PROBLEM DETAILS
Output the data below only from the line containing "what percentage of" up to and including the line containing "Answer: 0.27612.", exact and with the pictures left out.

INPUT FOR THIS TASK
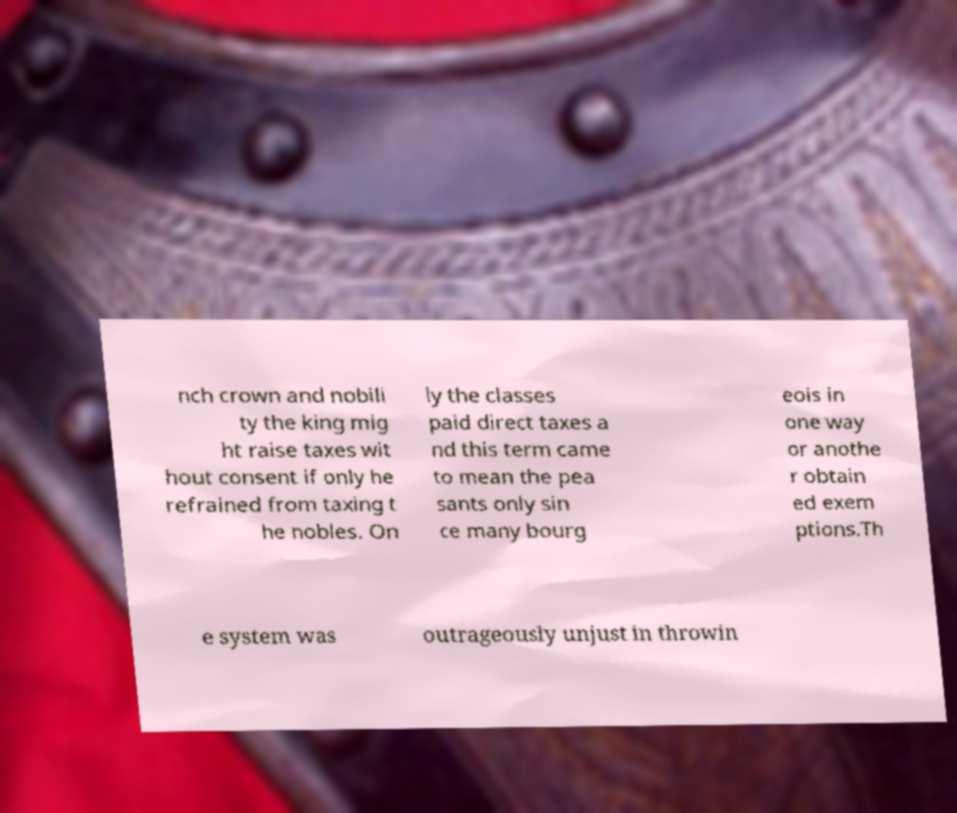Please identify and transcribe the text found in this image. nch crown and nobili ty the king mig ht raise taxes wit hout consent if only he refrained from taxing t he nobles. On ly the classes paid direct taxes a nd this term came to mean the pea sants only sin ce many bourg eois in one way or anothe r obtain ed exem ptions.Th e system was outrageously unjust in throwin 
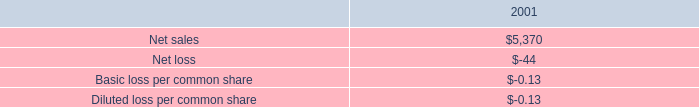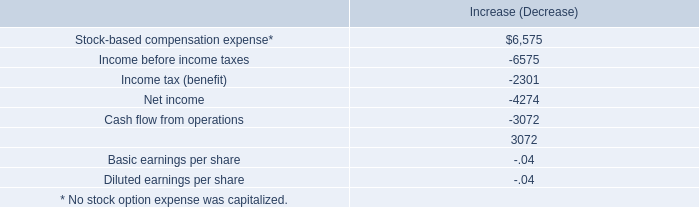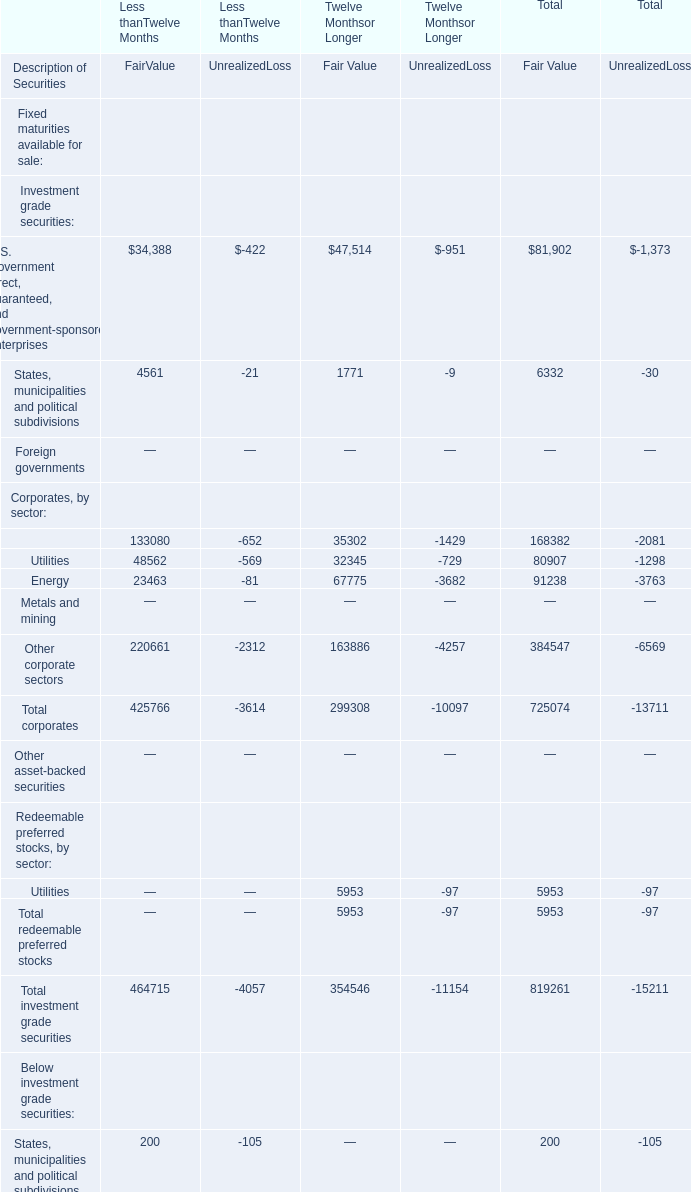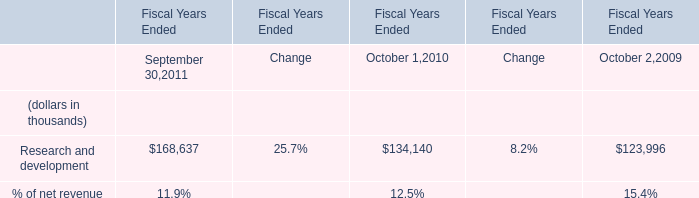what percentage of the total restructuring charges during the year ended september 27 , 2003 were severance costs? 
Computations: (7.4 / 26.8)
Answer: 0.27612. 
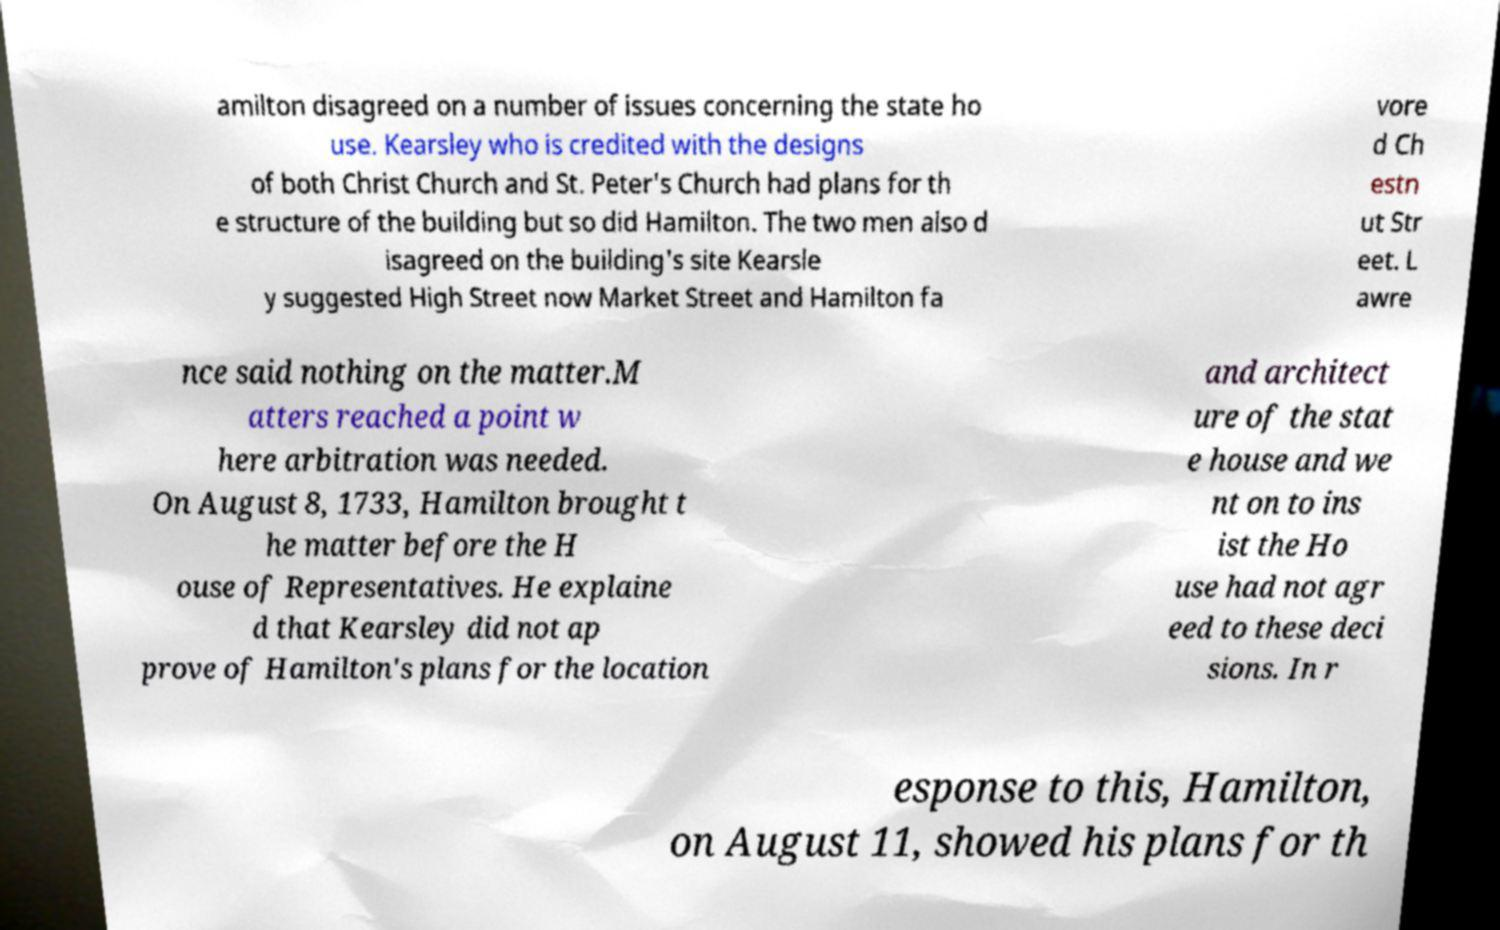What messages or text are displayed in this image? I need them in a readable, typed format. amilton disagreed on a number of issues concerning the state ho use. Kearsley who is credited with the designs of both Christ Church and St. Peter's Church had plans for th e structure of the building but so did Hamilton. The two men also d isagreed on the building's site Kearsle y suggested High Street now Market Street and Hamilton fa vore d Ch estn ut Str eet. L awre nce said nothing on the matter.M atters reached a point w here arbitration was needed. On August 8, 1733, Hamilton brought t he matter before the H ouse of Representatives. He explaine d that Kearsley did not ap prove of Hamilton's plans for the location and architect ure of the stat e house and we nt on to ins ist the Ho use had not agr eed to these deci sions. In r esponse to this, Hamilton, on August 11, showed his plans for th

RESULT OF THIS TASK
what percentage of the total restructuring charges during the year ended september 27 , 2003 were severance costs? 
Computations: (7.4 / 26.8)
Answer: 0.27612. 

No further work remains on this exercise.